The difference in the rate of aromatization between the reaction with N-methylmaleimide, which occurs readily at room temperature, and ethyl acrylate, which requires prolonged heating, is a clear reflection of the different reaction mechanisms involved, namely E1cb and E2 (Scheme 5). This difference in reactivity is related to the acidity of each proton that is abstracted.

Scheme 5 (A) Aromatization via an E1cb mechanism, (B) aromatization via an E2 mechanism.

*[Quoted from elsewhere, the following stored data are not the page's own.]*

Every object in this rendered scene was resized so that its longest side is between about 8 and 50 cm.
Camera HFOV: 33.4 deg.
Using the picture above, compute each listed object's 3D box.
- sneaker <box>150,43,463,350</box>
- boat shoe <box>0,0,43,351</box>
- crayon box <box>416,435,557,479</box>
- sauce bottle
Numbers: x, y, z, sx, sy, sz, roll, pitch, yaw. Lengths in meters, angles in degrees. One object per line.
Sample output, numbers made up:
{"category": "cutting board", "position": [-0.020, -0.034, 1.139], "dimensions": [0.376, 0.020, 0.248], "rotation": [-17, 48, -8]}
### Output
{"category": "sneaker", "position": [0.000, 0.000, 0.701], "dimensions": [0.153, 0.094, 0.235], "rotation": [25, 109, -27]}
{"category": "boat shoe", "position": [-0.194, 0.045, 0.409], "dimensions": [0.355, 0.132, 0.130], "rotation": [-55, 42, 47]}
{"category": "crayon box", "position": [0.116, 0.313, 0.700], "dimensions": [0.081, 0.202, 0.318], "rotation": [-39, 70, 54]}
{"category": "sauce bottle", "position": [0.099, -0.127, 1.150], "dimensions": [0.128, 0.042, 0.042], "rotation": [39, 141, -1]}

Further reaction optimization was performed with ethyl acrylate as dienophile (S3 in ESI†). Mesyl chloride and triflic anhydride were tested as alternatives to acetic anhydride, but both led to decomposition of the starting material. Increasing the number of equivalents of acetic anhydride to super-stoichiometric amounts did not improve the yield. Among the different bases examined, triethylamine (TEA) proved to be superior to diazabicycloundecene (DBU) and 1,4-diazabicyclo[2.2.2]octane (DABCO). However, it became evident that carrying out the reaction at a high substrate concentration was a requirement for good yield. For reactions with less reactive dienophiles at reflux temperature, 1 M was optimal. For reactions with maleimides at room temperature 0.5 M was sufficient. Higher concentrations exceeded the solubility limits of the reaction components. Finally, we varied the number of equivalents of the dienophile and no increase in yield was observed above 2 eq. However, in the case of less reactive dienophiles with respect to ethyl acrylate (e.g. diethyl phosphonate, vide infra) higher concentrations (5 eq.) were beneficial. Ultimately, two standard protocols were formulated. (A) For reactive dienophiles (maleimides and fumaronitrile) a substrate concentration of 0.5 M in acetonitrile with triethylamine (2.5 eq.) and acetic anhydride (1.1 eq.) at room temperature. (B) For less reactive dienophiles (maleates and mono-activated alkenes) a substrate concentration of 1 M in acetonitrile with triethylamine (2.5 eq.) and acetic anhydride (1.1 eq.) at reflux temperature. The addition of 2 eq. of dienophile was sufficient in most cases, but for less reactive dienophiles this was increased to 5 eq. With these optimized conditions, the Diels–Alder aromatization cascade with 1 and ethyl acrylate as dienophile afforded product 7 in an isolated yield of 64% (protocol B).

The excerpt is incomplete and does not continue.